In a compiler, the different values of the token indicate what, if any, reserved word of the language has been found or whether an identifier, constant, arithmetic operator, or relational operator has been found. In the latter cases, the analyzer must also specify the exact value of the token: what the identifier is, whether the constant is, say, 9 or 888, whether the operator is + or , and whether the relational operator is ``='' or ``>''. Consider the following portion of lex source (discussed in another context earlier) for a scanner that recognizes tokens in a "C-like" language:

    begin                          return(BEGIN);
    end                            return(END);
    while                          return(WHILE);
    if                             return(IF);
    package                        return(PACKAGE);
    reverse                        return(REVERSE);
    loop                           return(LOOP);
    [a-zA-Z][a-zA-Z0-9]           { tokval = put_in_tabl();
                                   return(IDENTIFIER); }
    [0-9]+                         { tokval = put_in_tabl();
                                   return(INTEGER); }
    \+                             { tokval = PLUS;
                                   return(ARITHOP); }
    \-                             { tokval = MINUS;
                                   return(ARITHOP); }
    >                              { tokval = GREATER;
                                   return(RELOP); }
    >=                             { tokval = GREATEREQL;
                                   return(RELOP); }

Despite appearances, the tokens returned, and the values assigned to tokval, are indeed integers.
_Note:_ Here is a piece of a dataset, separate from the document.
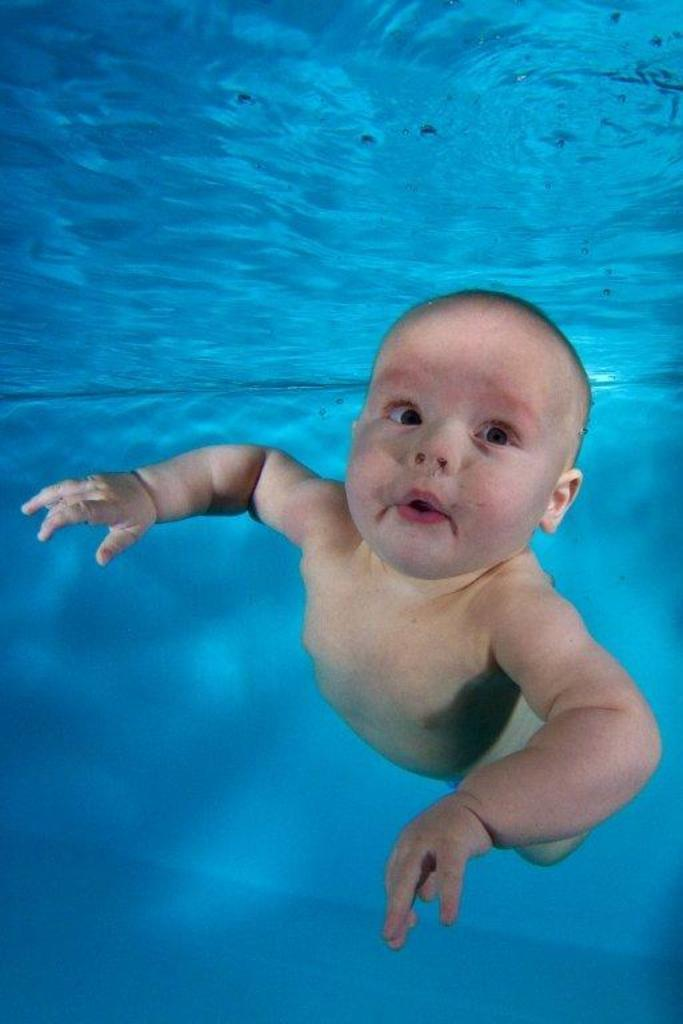What is the main subject of the image? The main subject of the image is an inside view of water. Is there anything else visible in the image besides the water? Yes, there is a baby in front in the image. What type of rice is being cooked in the image? There is no rice present in the image; it features an inside view of water and a baby in front. Can you describe the woman's outfit in the image? There is no woman present in the image; it only shows an inside view of water and a baby in front.

Good programming style dictates that we use informative terms such as BEGIN, END, WHILE, and so forth to signify the integers the parser understands, rather than use the integers themselves. You establish the association by using #define statements in your parser calling routine in C. For example,

   #define BEGIN  1
   #define END  2
     .
   #define PLUS 7
     .

If the need arises to change the integer for some token type, you then change the #define statement in the parser rather than hunt through the entire program changing every occurrence of the particular integer. In using yacc to generate your parser, insert the statement

   #include "y.tab.h"

in the definitions section of your lex source. The file y.tab.h, which is created when yacc is invoked with the -d option, provides #define statements that associate token names such as BEGIN, END, and so on with the integers of significance to the generated parser.
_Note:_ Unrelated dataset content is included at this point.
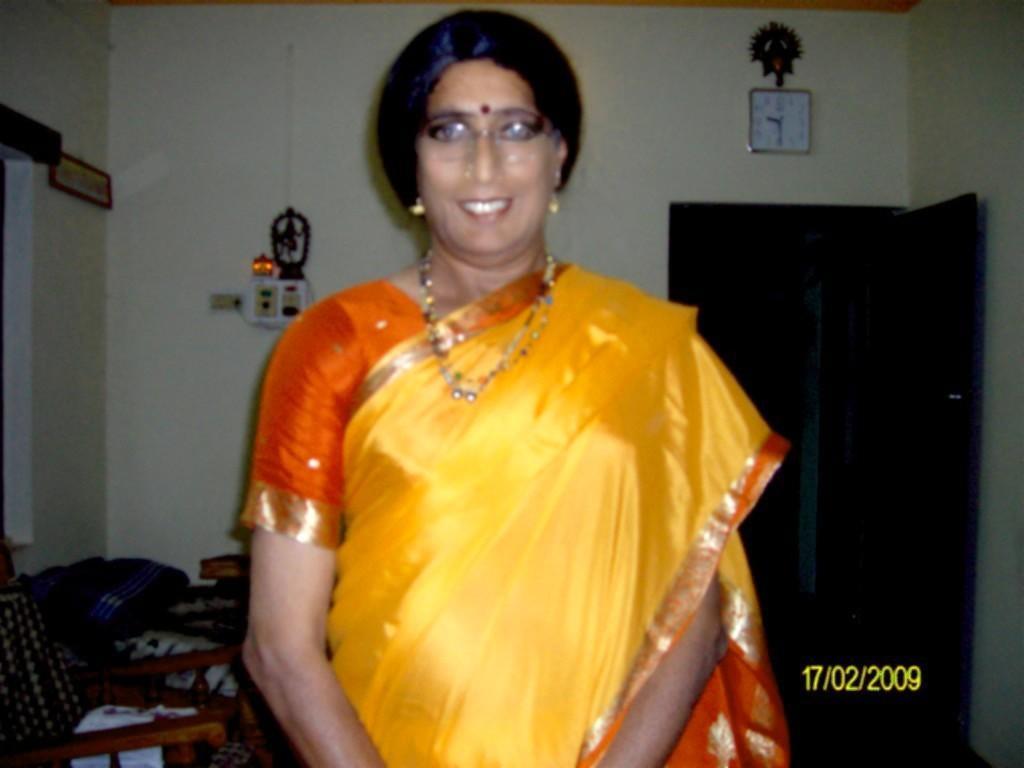In one or two sentences, can you explain what this image depicts? In this image we can see a woman standing. On the left side of the image we can see cloth and a bag placed on the chair. On the right side of the image we can see a door. In the background, we can see some objects on the wall. In the bottom right corner of this image we can see some numbers.

To indicate the reserved words in the example, the returned integer values suffice. For the other token types, the integer value of the token type is stored in the programmer-defined variable tokval. This variable, whose definition was an example in the definitions section, is globally defined so that the parser as well as the lexical analyzer can access it. yacc provides the variable
yylval for the same purpose.

Note that the example shows two ways to assign a value to tokval. First, a function put_in_tabl() places the name and type of the identifier or constant in a symbol table so that the compiler can refer to it in this or a later stage of the compilation process. More to the present point, put_in_tabl() assigns a type value to tokval so that the parser can use the information immediately to determine the syntactic correctness of the input text. The function put_in_tabl() would be a routine that the compiler writer might place in the user routines section of the parser. Second, in the last few actions of the example, tokval is assigned a specific integer indicating which arithmetic or relational operator the scanner recognized. If the variable PLUS, for instance, is associated with the integer 7 by means of the #define statement above, then when a + is recognized, the action assigns to tokval the value 7, which indicates the +. The scanner indicates the general class of operator by the value it returns to the parser (that is, the integer signified by ARITHOP or RELOP).

In using lex with yacc, either may be run first. The command

   $ yacc -d grammar.y

generates a parser in the file y.tab.c. As noted, the -d option creates the file y.tab.h, which contains the #define statements that associate the yacc-assigned integer token values with the user-defined token names. Now you can invoke lex with the command

   $ lex lex.l

then compile and link the output files with the command

   $ cc lex.yy.c y.tab.c -ly -ll

Note that the yacc library is loaded (via -ly) before the lex library (via -ll) to ensure that the supplied main() will call the yacc parser.